START TASK INPUT
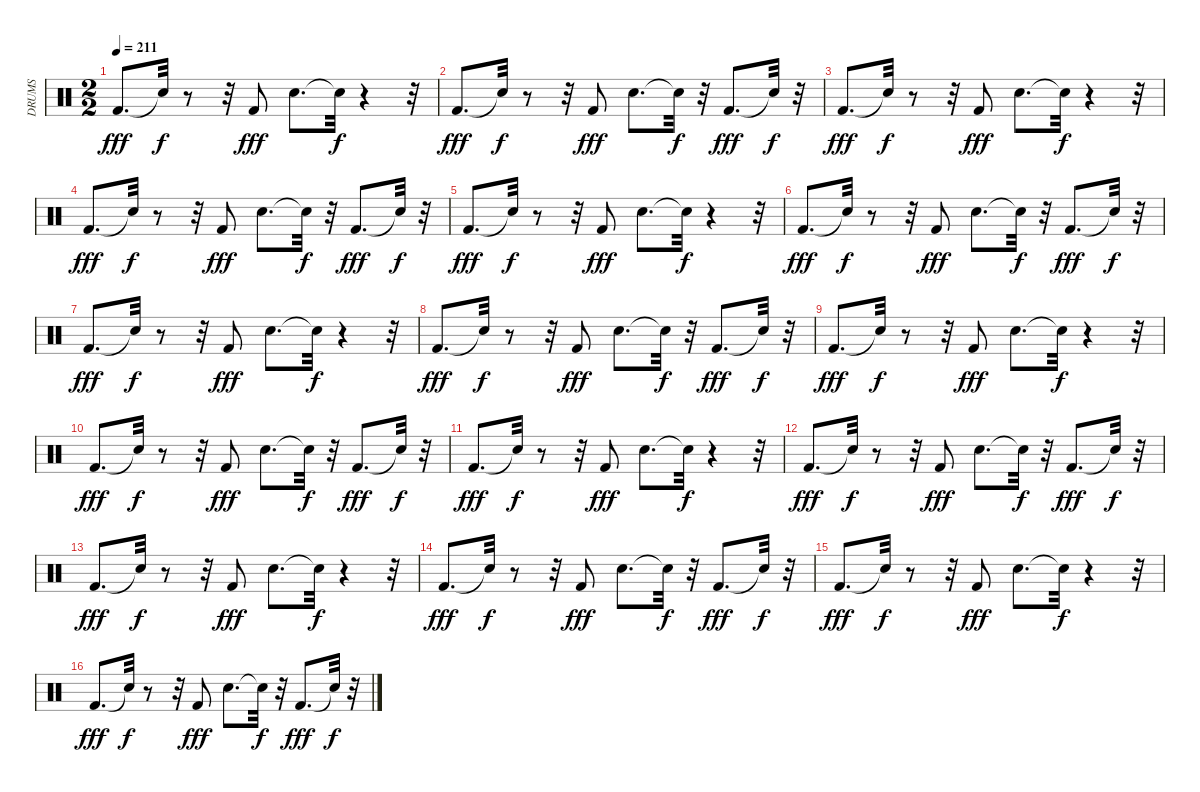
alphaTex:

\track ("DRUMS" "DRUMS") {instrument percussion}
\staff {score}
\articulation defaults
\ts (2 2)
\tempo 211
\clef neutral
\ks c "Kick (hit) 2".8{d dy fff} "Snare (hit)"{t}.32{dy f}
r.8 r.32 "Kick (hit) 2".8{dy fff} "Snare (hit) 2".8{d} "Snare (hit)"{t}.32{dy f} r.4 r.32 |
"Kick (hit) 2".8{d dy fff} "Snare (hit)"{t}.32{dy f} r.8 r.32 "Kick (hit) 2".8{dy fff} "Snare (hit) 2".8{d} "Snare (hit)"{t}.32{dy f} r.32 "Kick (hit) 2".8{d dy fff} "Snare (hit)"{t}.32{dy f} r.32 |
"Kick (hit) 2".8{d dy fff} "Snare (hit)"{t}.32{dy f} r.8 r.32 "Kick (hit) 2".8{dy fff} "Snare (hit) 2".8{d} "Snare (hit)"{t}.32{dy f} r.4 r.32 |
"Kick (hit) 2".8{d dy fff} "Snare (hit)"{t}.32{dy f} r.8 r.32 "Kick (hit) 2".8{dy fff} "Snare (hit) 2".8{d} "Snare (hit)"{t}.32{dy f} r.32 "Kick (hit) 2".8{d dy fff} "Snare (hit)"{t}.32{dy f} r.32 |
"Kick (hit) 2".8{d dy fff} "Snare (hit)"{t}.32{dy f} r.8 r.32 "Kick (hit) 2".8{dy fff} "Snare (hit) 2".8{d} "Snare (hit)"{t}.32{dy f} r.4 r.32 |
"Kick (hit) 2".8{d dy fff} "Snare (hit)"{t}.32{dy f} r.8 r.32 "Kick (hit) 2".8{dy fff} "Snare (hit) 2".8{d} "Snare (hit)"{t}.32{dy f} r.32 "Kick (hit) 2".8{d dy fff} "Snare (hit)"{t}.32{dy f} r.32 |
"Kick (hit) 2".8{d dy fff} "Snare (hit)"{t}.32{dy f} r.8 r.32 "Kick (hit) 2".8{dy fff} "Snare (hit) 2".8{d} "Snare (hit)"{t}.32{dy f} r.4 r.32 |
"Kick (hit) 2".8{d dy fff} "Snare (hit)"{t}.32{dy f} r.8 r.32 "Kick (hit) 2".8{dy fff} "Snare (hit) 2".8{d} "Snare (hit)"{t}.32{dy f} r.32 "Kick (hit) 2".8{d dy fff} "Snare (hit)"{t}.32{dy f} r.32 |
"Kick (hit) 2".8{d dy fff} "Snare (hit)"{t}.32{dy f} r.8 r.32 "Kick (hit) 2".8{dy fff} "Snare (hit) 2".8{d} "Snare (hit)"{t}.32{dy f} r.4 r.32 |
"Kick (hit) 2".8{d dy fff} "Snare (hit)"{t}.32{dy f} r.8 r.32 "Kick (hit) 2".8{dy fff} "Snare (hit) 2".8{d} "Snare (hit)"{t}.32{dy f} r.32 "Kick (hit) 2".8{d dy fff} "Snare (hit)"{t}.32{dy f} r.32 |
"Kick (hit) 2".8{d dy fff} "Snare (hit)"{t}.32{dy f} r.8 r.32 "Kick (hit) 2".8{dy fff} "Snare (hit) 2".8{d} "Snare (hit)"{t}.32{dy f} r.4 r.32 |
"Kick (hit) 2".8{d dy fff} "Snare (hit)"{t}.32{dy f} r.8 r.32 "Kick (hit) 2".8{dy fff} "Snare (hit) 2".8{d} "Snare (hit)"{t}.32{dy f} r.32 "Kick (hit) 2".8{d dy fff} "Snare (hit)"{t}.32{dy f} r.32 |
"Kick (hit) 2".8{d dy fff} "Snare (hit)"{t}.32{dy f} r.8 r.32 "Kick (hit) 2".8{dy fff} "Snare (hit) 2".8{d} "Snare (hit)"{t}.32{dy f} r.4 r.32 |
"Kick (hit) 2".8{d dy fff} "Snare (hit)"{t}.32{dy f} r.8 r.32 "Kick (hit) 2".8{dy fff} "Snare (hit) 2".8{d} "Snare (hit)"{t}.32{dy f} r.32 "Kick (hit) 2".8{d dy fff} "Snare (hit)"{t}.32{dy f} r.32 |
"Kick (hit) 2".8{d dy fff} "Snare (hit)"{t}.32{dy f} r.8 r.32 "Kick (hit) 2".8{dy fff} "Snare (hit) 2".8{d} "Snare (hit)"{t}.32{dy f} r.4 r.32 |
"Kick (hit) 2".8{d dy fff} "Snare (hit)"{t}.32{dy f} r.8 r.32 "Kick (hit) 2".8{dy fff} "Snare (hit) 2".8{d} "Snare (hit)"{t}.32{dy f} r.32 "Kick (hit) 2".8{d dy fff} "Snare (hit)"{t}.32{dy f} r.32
END TASK INPUT
(PROBLEM STATEMENT): Word-for-word transcript, pictures excluded: copy all the material above.

(YOUR SOLUTION):
alphaTex:

\track ("DRUMS" "DRUMS") {instrument percussion}
\staff {score}
\articulation defaults
\ts (2 2)
\tempo 211
\clef neutral
\ks c "Kick (hit) 2".8{d dy fff} "Snare (hit)"{t}.32{dy f}
r.8 r.32 "Kick (hit) 2".8{dy fff} "Snare (hit) 2".8{d} "Snare (hit)"{t}.32{dy f} r.4 r.32 |
"Kick (hit) 2".8{d dy fff} "Snare (hit)"{t}.32{dy f} r.8 r.32 "Kick (hit) 2".8{dy fff} "Snare (hit) 2".8{d} "Snare (hit)"{t}.32{dy f} r.32 "Kick (hit) 2".8{d dy fff} "Snare (hit)"{t}.32{dy f} r.32 |
"Kick (hit) 2".8{d dy fff} "Snare (hit)"{t}.32{dy f} r.8 r.32 "Kick (hit) 2".8{dy fff} "Snare (hit) 2".8{d} "Snare (hit)"{t}.32{dy f} r.4 r.32 |
"Kick (hit) 2".8{d dy fff} "Snare (hit)"{t}.32{dy f} r.8 r.32 "Kick (hit) 2".8{dy fff} "Snare (hit) 2".8{d} "Snare (hit)"{t}.32{dy f} r.32 "Kick (hit) 2".8{d dy fff} "Snare (hit)"{t}.32{dy f} r.32 |
"Kick (hit) 2".8{d dy fff} "Snare (hit)"{t}.32{dy f} r.8 r.32 "Kick (hit) 2".8{dy fff} "Snare (hit) 2".8{d} "Snare (hit)"{t}.32{dy f} r.4 r.32 |
"Kick (hit) 2".8{d dy fff} "Snare (hit)"{t}.32{dy f} r.8 r.32 "Kick (hit) 2".8{dy fff} "Snare (hit) 2".8{d} "Snare (hit)"{t}.32{dy f} r.32 "Kick (hit) 2".8{d dy fff} "Snare (hit)"{t}.32{dy f} r.32 |
"Kick (hit) 2".8{d dy fff} "Snare (hit)"{t}.32{dy f} r.8 r.32 "Kick (hit) 2".8{dy fff} "Snare (hit) 2".8{d} "Snare (hit)"{t}.32{dy f} r.4 r.32 |
"Kick (hit) 2".8{d dy fff} "Snare (hit)"{t}.32{dy f} r.8 r.32 "Kick (hit) 2".8{dy fff} "Snare (hit) 2".8{d} "Snare (hit)"{t}.32{dy f} r.32 "Kick (hit) 2".8{d dy fff} "Snare (hit)"{t}.32{dy f} r.32 |
"Kick (hit) 2".8{d dy fff} "Snare (hit)"{t}.32{dy f} r.8 r.32 "Kick (hit) 2".8{dy fff} "Snare (hit) 2".8{d} "Snare (hit)"{t}.32{dy f} r.4 r.32 |
"Kick (hit) 2".8{d dy fff} "Snare (hit)"{t}.32{dy f} r.8 r.32 "Kick (hit) 2".8{dy fff} "Snare (hit) 2".8{d} "Snare (hit)"{t}.32{dy f} r.32 "Kick (hit) 2".8{d dy fff} "Snare (hit)"{t}.32{dy f} r.32 |
"Kick (hit) 2".8{d dy fff} "Snare (hit)"{t}.32{dy f} r.8 r.32 "Kick (hit) 2".8{dy fff} "Snare (hit) 2".8{d} "Snare (hit)"{t}.32{dy f} r.4 r.32 |
"Kick (hit) 2".8{d dy fff} "Snare (hit)"{t}.32{dy f} r.8 r.32 "Kick (hit) 2".8{dy fff} "Snare (hit) 2".8{d} "Snare (hit)"{t}.32{dy f} r.32 "Kick (hit) 2".8{d dy fff} "Snare (hit)"{t}.32{dy f} r.32 |
"Kick (hit) 2".8{d dy fff} "Snare (hit)"{t}.32{dy f} r.8 r.32 "Kick (hit) 2".8{dy fff} "Snare (hit) 2".8{d} "Snare (hit)"{t}.32{dy f} r.4 r.32 |
"Kick (hit) 2".8{d dy fff} "Snare (hit)"{t}.32{dy f} r.8 r.32 "Kick (hit) 2".8{dy fff} "Snare (hit) 2".8{d} "Snare (hit)"{t}.32{dy f} r.32 "Kick (hit) 2".8{d dy fff} "Snare (hit)"{t}.32{dy f} r.32 |
"Kick (hit) 2".8{d dy fff} "Snare (hit)"{t}.32{dy f} r.8 r.32 "Kick (hit) 2".8{dy fff} "Snare (hit) 2".8{d} "Snare (hit)"{t}.32{dy f} r.4 r.32 |
"Kick (hit) 2".8{d dy fff} "Snare (hit)"{t}.32{dy f} r.8 r.32 "Kick (hit) 2".8{dy fff} "Snare (hit) 2".8{d} "Snare (hit)"{t}.32{dy f} r.32 "Kick (hit) 2".8{d dy fff} "Snare (hit)"{t}.32{dy f} r.32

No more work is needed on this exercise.